NOUVELLES

Tunisie: la liberté de conscience dans la Constitution, l'Etat "protecteur du sacré"

04/01/2014 11:11 EST | Actualisé 06/03/2014 05:12 EST

La Constituante tunisienne a approuvé samedi un article de la future Constitution garantissant la liberté de conscience et faisant de l'Etat le "protecteur du sacré", des points qui ont suscité de vives controverses pendant des mois.

L'article 6 fait de l'Etat "le gardien de la religion", "le protecteur du sacré", le "garant de la liberté de conscience" et le charge de s'assurer de la neutralité des mosquées et des lieux de cultes.

Cet article a été vivement débattu, Azed Badi du parti Wafa, un parti proche des islamistes, estimant que la liberté de conscience permettrait "aux satanistes, à l'idolâtrie d'organiser des manifestations publiques (...) pour propager leurs croyances".
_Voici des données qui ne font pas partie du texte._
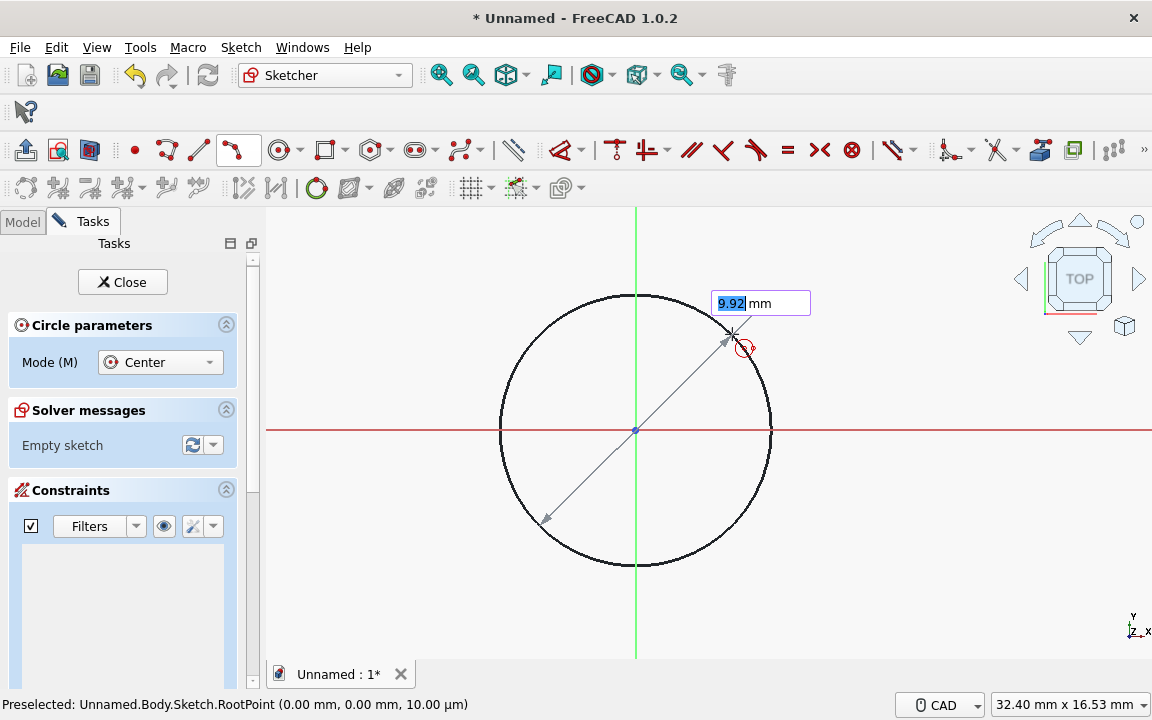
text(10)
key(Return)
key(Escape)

A l'inverse, pour Sonia Ben Toumia, élue du parti islamiste Ennahda, "l'islam est une religion garantissant la liberté de culte aux autres".

"Ceux qui s'opposent à la liberté de conscience veulent nous ramener à des périodes noires de l'Histoire où des tribunaux inspectaient la conscience des gens", a souligné aussi Iyed Dahmani, un député de l'opposition laïque.

L'assemblée a aussi maintenu le rôle de l'Etat en tant que garant de la religion et du sacré, une disposition jugée trop vague et critiquée par la Ligue tunisienne des droits de l'Homme.

"Il faut lever le flou (...) sur l'article 6 qui donne à l'Etat le droit de parrainer la religion et de protéger le sacré qui peut aboutir à des interprétations menaçant la citoyenneté, les libertés", estime la Ligue qui recommandait que l'Etat soit garant des "religions" afin d'éviter un interprétation concernant uniquement l'islam.

Dans la matinée, la Constituante, où les islamistes d'Ennahda sont majoritaires, a rejeté l'islam comme source de droit tout en en faisant la religion du pays, conformément à un compromis avec l'opposition.